First, is the audio environment itself. Today with advanced audio APIs
like XAudio 2 and X3DAudio, FMOD Ex, or OpenAL it is pretty easy to
program a game to use 5.1 or 7.1 3d audio environments fairly easily.
Combine that with a good high quality 5.1 or 7.1 stereo sound card and a
set of
5.1 3d stereo headphones and you have a pretty realistic audio sound
system at your disposal. Unfortunately, lots of VI gamers haven't got the
high tech equipment to get the most out of Shades of Doom or Sarah so they
never quite get a true 3d audio environment which is too bad.
For me I have lots of high tech gear for my games so when I'm in Shades of
Doom, Tank Commander, or Sarah it sounds like I am standing there in the
game. I can hear everything around me in 3d space, and I can use the sound
to navigate around the level. Plus it helps to count doors, and the
various machines in a game like SOD to identify which room is wich.
Second, is the look ahead commands which comes in handy. If you can do a
control+n and have it tell you the corridor turns left in 5 feet and makes
a hard left in 15 feet you obviously can get a good idea where to go. This
feature isn't that much different than seeing it as you get exactly the
same information and have to make the same judgment weather to try the
first corridor or go down the second one. I make lots of use of the
control+n command in Shades of Doom.
Finaly, I am pretty good with using coordinates to remember my location.
If I want to know where I am I usually go for the coordinates key. For me
that usually is enough to figure out exactly where I am, and gives me a
good idea where to go next. Of course, that's only useful if I've been
playing a game for a long time and walk around with a map of the level in
my head.
Come to think of it that is another tool I use, and helps me out alot.

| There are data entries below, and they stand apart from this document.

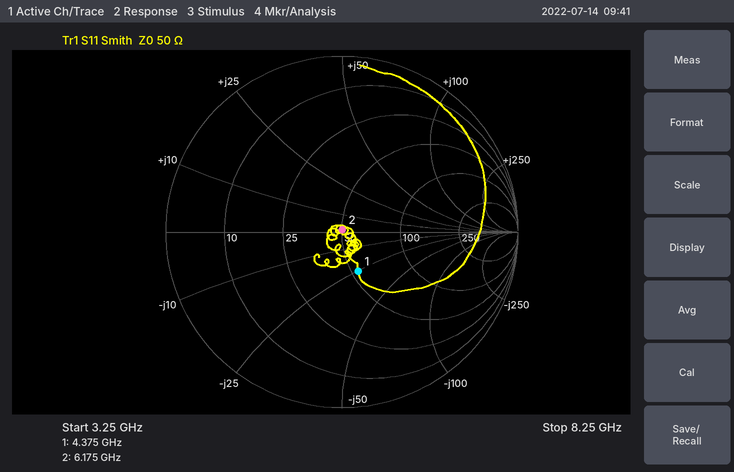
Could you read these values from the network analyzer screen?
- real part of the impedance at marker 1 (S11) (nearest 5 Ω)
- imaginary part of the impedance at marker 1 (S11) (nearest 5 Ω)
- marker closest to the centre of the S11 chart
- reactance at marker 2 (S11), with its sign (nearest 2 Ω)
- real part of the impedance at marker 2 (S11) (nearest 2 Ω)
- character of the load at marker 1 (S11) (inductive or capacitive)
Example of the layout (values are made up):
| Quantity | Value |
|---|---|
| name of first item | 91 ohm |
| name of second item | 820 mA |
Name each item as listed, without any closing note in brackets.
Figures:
| Quantity | Value |
|---|---|
| real part of the impedance at marker 1 (S11) | 55 Ω |
| imaginary part of the impedance at marker 1 (S11) | -25 Ω |
| marker closest to the centre of the S11 chart | marker 2 |
| reactance at marker 2 (S11), with its sign | +2 Ω |
| real part of the impedance at marker 2 (S11) | 50 Ω |
| character of the load at marker 1 (S11) | capacitive |
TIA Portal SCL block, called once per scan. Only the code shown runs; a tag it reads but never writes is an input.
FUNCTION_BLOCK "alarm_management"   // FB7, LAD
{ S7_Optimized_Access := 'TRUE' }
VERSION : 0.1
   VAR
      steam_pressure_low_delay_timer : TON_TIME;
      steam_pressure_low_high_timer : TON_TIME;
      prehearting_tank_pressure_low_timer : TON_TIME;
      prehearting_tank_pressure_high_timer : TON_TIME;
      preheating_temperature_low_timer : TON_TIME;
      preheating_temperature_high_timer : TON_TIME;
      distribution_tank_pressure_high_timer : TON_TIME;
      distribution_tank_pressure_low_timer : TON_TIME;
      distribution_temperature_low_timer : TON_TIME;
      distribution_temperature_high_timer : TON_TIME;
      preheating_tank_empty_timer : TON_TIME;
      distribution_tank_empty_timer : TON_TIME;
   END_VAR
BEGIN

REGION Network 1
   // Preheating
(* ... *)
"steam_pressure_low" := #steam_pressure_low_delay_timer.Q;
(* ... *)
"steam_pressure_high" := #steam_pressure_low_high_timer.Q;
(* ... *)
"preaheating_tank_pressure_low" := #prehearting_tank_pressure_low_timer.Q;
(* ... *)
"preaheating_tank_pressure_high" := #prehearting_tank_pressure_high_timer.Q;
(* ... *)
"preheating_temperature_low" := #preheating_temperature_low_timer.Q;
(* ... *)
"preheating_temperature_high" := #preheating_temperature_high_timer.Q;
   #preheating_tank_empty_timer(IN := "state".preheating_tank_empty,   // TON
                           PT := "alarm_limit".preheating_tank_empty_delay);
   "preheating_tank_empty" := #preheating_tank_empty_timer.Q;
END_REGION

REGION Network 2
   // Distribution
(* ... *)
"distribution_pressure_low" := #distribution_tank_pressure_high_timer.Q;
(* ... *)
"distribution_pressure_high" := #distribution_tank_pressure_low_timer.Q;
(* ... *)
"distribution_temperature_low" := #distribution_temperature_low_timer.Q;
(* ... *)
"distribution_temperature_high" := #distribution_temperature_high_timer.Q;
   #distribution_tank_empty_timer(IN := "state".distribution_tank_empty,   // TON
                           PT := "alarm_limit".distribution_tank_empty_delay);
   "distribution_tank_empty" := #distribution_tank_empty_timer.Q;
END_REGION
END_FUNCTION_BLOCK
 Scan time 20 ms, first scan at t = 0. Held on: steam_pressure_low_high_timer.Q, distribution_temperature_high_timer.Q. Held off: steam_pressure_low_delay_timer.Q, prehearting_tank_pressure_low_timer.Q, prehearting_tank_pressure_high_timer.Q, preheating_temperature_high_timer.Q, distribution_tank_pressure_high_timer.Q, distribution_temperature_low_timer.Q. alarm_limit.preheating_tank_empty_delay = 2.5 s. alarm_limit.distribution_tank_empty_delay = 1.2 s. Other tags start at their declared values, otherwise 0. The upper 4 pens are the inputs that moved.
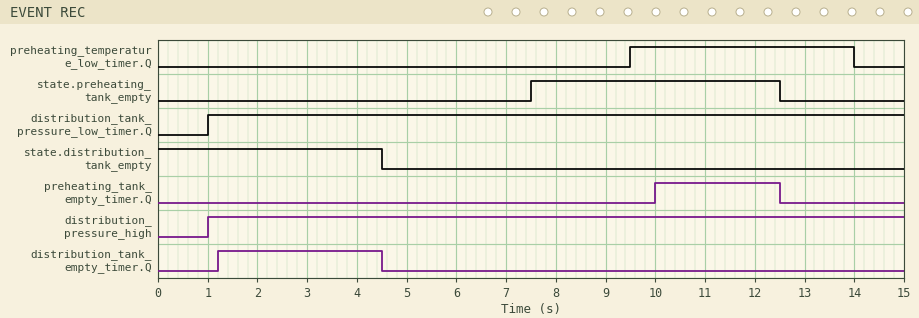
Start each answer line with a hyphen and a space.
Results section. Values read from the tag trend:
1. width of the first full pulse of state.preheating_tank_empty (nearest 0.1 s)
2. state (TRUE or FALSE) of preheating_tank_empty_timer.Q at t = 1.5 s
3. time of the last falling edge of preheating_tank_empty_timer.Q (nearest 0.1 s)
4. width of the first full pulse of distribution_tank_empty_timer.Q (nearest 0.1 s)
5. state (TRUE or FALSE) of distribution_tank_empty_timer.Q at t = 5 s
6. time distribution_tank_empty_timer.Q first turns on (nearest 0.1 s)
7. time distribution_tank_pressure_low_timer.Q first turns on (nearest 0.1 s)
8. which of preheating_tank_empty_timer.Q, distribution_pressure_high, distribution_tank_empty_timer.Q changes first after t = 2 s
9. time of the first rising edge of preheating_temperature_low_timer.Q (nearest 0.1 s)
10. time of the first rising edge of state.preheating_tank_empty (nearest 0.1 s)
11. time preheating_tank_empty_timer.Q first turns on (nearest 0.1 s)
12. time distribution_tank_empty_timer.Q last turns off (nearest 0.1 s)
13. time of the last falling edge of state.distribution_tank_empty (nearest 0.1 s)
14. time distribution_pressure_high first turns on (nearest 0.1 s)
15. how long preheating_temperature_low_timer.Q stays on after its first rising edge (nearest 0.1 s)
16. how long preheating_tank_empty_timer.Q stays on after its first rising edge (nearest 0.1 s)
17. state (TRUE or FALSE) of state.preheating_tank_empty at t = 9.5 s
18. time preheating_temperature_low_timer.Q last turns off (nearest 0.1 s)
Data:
- 5.0 s
- FALSE
- 12.5 s
- 3.3 s
- FALSE
- 1.2 s
- 1.0 s
- distribution_tank_empty_timer.Q
- 9.5 s
- 7.5 s
- 10.0 s
- 4.5 s
- 4.5 s
- 1.0 s
- 4.5 s
- 2.5 s
- TRUE
- 14.0 s
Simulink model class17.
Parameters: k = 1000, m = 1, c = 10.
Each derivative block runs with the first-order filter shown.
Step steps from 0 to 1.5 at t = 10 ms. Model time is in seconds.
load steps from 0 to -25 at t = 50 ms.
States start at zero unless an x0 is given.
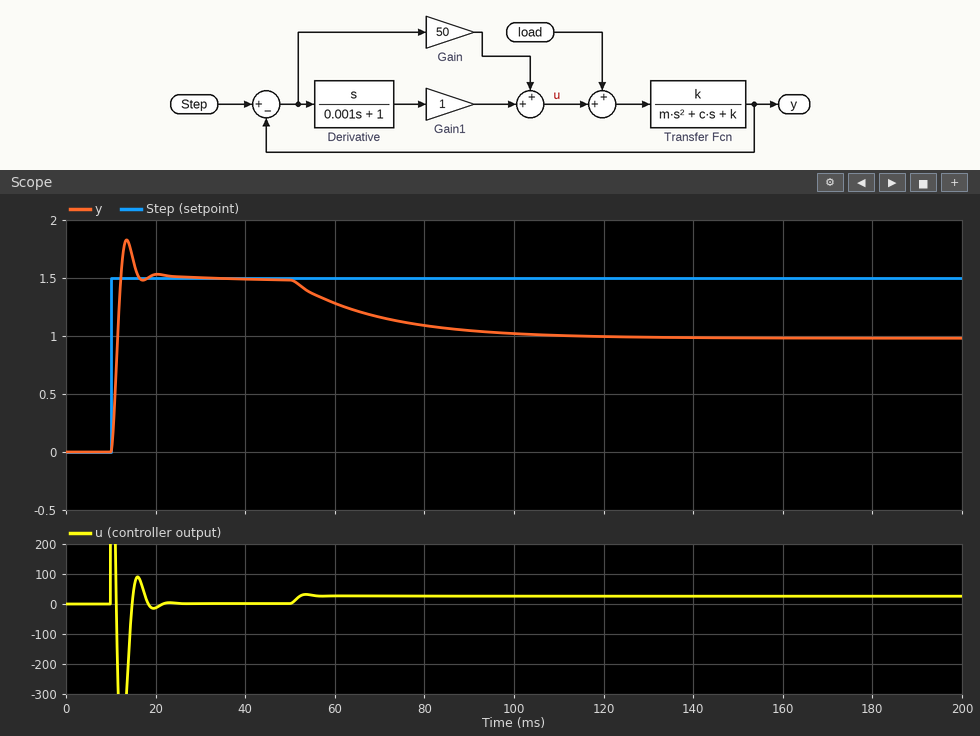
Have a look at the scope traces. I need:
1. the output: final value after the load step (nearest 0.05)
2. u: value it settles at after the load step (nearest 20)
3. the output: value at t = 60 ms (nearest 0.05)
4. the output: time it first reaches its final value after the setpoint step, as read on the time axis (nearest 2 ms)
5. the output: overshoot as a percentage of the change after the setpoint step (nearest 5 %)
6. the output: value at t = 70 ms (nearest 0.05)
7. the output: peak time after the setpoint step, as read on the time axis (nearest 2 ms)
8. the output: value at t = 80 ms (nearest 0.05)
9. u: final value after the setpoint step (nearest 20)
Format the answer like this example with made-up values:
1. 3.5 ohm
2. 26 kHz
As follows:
1. 1.00
2. 20
3. 1.30
4. 12 ms
5. 25 %
6. 1.15
7. 14 ms
8. 1.10
9. 0
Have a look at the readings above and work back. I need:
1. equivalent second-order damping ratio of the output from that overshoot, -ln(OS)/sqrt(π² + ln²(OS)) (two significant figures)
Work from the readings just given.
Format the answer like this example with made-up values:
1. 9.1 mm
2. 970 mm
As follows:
1. 0.40
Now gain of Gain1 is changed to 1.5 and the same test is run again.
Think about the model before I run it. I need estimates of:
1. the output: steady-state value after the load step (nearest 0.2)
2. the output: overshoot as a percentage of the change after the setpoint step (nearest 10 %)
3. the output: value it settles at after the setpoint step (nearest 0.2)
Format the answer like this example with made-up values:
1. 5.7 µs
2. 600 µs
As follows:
1. 1.0
2. 30 %
3. 1.4
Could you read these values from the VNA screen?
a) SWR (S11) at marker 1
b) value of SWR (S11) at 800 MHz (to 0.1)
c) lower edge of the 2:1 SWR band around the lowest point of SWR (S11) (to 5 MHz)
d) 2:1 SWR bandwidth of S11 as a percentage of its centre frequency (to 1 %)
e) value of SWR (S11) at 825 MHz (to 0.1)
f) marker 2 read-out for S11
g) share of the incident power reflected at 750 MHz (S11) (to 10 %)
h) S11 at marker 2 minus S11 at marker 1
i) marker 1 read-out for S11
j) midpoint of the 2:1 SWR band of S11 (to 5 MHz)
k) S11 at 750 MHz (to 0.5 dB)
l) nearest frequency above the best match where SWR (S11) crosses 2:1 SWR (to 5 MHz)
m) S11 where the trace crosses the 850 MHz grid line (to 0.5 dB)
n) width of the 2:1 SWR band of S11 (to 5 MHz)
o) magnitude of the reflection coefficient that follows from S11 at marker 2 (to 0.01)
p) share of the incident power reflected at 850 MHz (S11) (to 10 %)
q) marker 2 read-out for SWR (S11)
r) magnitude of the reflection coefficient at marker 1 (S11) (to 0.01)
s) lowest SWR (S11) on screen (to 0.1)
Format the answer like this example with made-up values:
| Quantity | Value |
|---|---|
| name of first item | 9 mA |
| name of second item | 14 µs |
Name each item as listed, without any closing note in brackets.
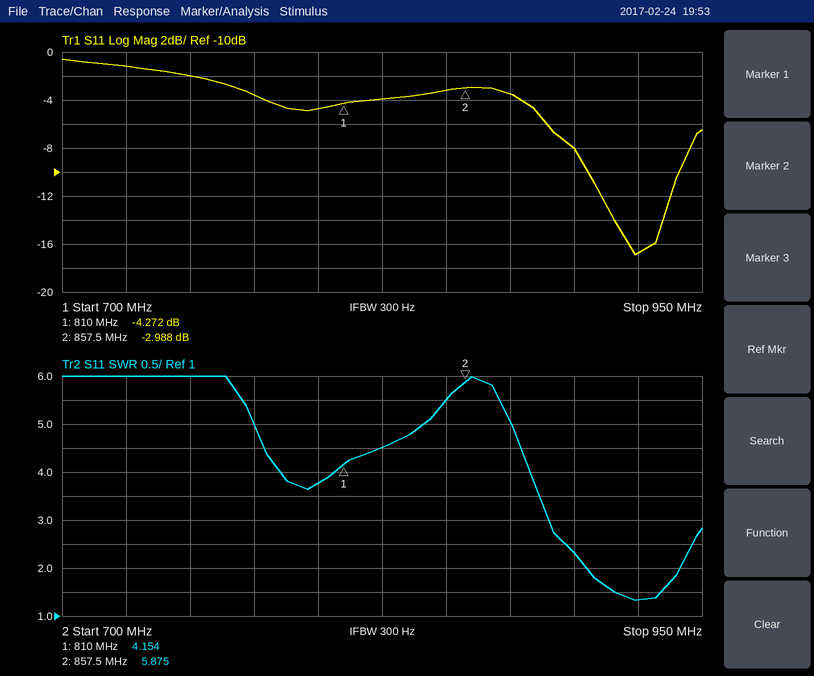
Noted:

Having had sighte before i tend to see myself, my character anyway, in the
game world and visualize the entire level in my mind. By being able to
draw upon a mental picture in my mind it gives me somewhat of an edge in
putting things in their correct 3d sspacial orientation to the character.
Without a doubt that has to be a slight advantage when playing these sorts
of games and figuring them out.
Cheers!
dark wrote:
Short answer, ---- yes, those features are what I use exhaustively. On
the other hand audio maps I'm afraid I find just incomprehensible, ----
cool though the marauders' map in Sarah was.
Even coordinates I only tend to use as a general guideline to know if I'm
in the middle or at the edge of a level, ---- or as an extra land mark
feature (eg, i need to explore the turning at 8-23).
this is of course just the way i do things, ---- and other people (who do
not have my spacial difficulties), may do things entirely differently.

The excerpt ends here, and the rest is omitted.